他不会给对方误会的机会,他会在电话里就讲清用意,他救人是为了打探徐鹤年的情报。

        他当惯了上位者,在姿色平庸的玩物面前,向来是扬着下巴的。

        可没等他的电话拨出去,他便撞到了不该看见的一幕。

        在球场更衣室里,门没关牢,留了三指宽的缝隙。

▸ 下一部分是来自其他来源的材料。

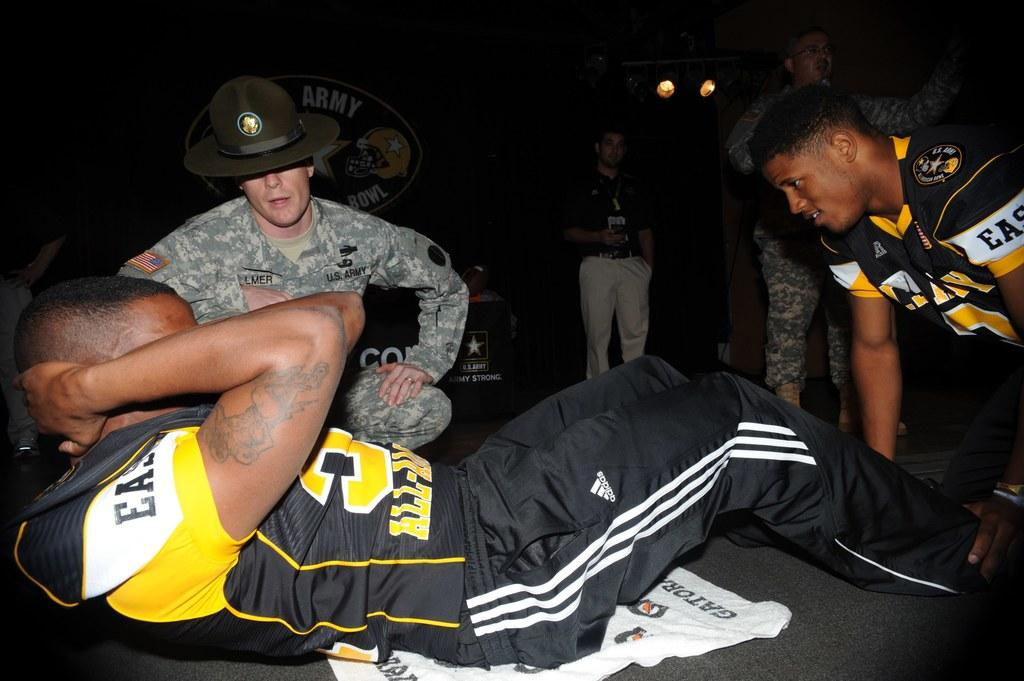Provide a one-sentence caption for the provided image. A man in a football jersey doing situps while a US Army member watches on. 
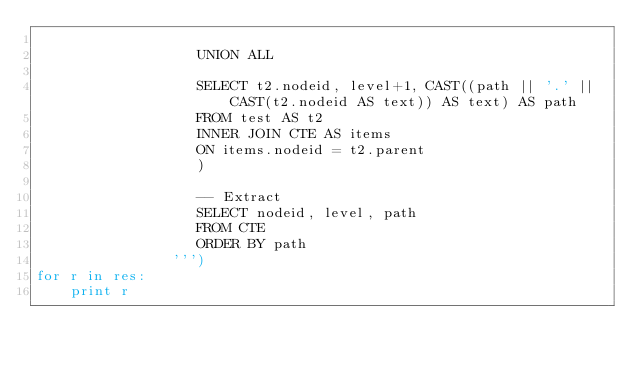Convert code to text. <code><loc_0><loc_0><loc_500><loc_500><_Python_>
                   UNION ALL

                   SELECT t2.nodeid, level+1, CAST((path || '.' || CAST(t2.nodeid AS text)) AS text) AS path
                   FROM test AS t2
                   INNER JOIN CTE AS items
                   ON items.nodeid = t2.parent
                   )

                   -- Extract
                   SELECT nodeid, level, path
                   FROM CTE
                   ORDER BY path
                ''')
for r in res:
    print r
</code>

门内传来了一阵衣物摩擦的沙沙声、热情洋溢的亲吻声、和似有似无的哼鸣声。

        陈卓屏住了呼吸,默不作声地窥探着。

        他看见了那个年轻人,软着半边身子,靠在舅舅的怀里,两手抓紧了裤线,闭着眼睛羞涩地接吻。

        他吻得极投入,两颊晕红,又有些腼腆,似在被动承受着,从头到脚都透着拘谨,整个人仿佛要烧起来了。

        陆卓的心里被蓦地撞了一下。

        他知道徐鹤年想做什么,这几乎是男人的本能,徐鹤年的手在怀里那人身上乱揉着,他想哄这宝贝脱下衣衫,分开两腿,趴在他身下。

        那个年轻人也想配合,却颤抖得厉害,始终放不开,将头深深地埋进了舅舅的肩窝里。